Start of MATERIAL SHOWN

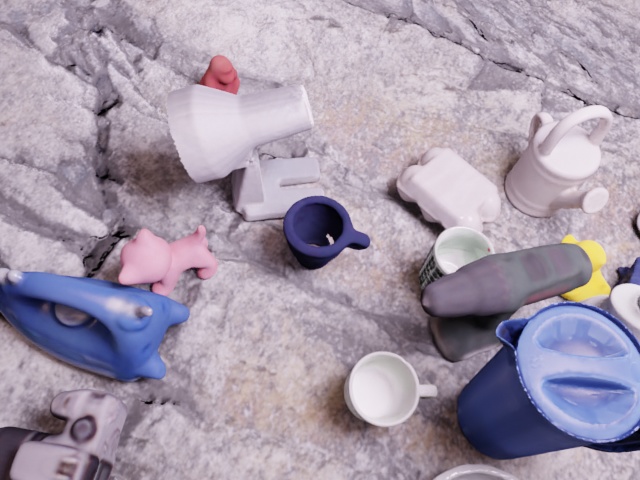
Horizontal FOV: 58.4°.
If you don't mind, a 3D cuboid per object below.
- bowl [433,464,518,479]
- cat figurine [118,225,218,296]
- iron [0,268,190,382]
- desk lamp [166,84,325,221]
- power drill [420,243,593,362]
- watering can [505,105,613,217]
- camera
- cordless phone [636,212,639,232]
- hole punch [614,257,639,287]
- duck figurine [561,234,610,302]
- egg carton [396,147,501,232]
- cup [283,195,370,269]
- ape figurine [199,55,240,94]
[{"bbox_3d":[0.172,0.340,0.634,0.167,0.075,0.167,2,62,-4],"label":"bowl"},{"bbox_3d":[-0.201,0.020,0.741,0.128,0.118,0.067,-27,68,-18],"label":"cat figurine"},{"bbox_3d":[-0.298,0.078,0.687,0.258,0.141,0.119,15,62,2],"label":"iron"},{"bbox_3d":[-0.090,-0.123,0.772,0.203,0.213,0.118,-7,63,-9],"label":"desk lamp"},{"bbox_3d":[0.206,0.078,0.700,0.230,0.208,0.075,-18,65,-14],"label":"power drill"},{"bbox_3d":[0.354,-0.116,0.825,0.101,0.194,0.172,-31,69,-19],"label":"watering can"},{"bbox_3d":[-0.302,0.231,0.629,0.137,0.101,0.143,11,62,0],"label":"camera"},{"bbox_3d":[0.554,-0.028,0.804,0.094,0.185,0.147,-22,66,-16],"label":"cordless phone"},{"bbox_3d":[0.468,0.076,0.793,0.108,0.091,0.101,37,65,13],"label":"hole punch"},{"bbox_3d":[0.371,0.037,0.807,0.078,0.086,0.104,-34,70,-20],"label":"duck figurine"},{"bbox_3d":[0.192,-0.068,0.853,0.150,0.069,0.107,43,66,16],"label":"egg carton"},{"bbox_3d":[0.007,0.003,0.783,0.117,0.095,0.092,15,62,2],"label":"cup"},{"bbox_3d":[-0.155,-0.250,0.901,0.076,0.092,0.078,28,63,9],"label":"ape figurine"}]

End of MATERIAL SHOWN

ASSIGNMENT:
Using the entries above, return exactly the lines from the line with "- duck figurine [561,234,610,302]" to the line with "- cup [283,195,370,269]", counting both of those lines.

REPLY TO THE EXERCISE:
- duck figurine [561,234,610,302]
- egg carton [396,147,501,232]
- cup [283,195,370,269]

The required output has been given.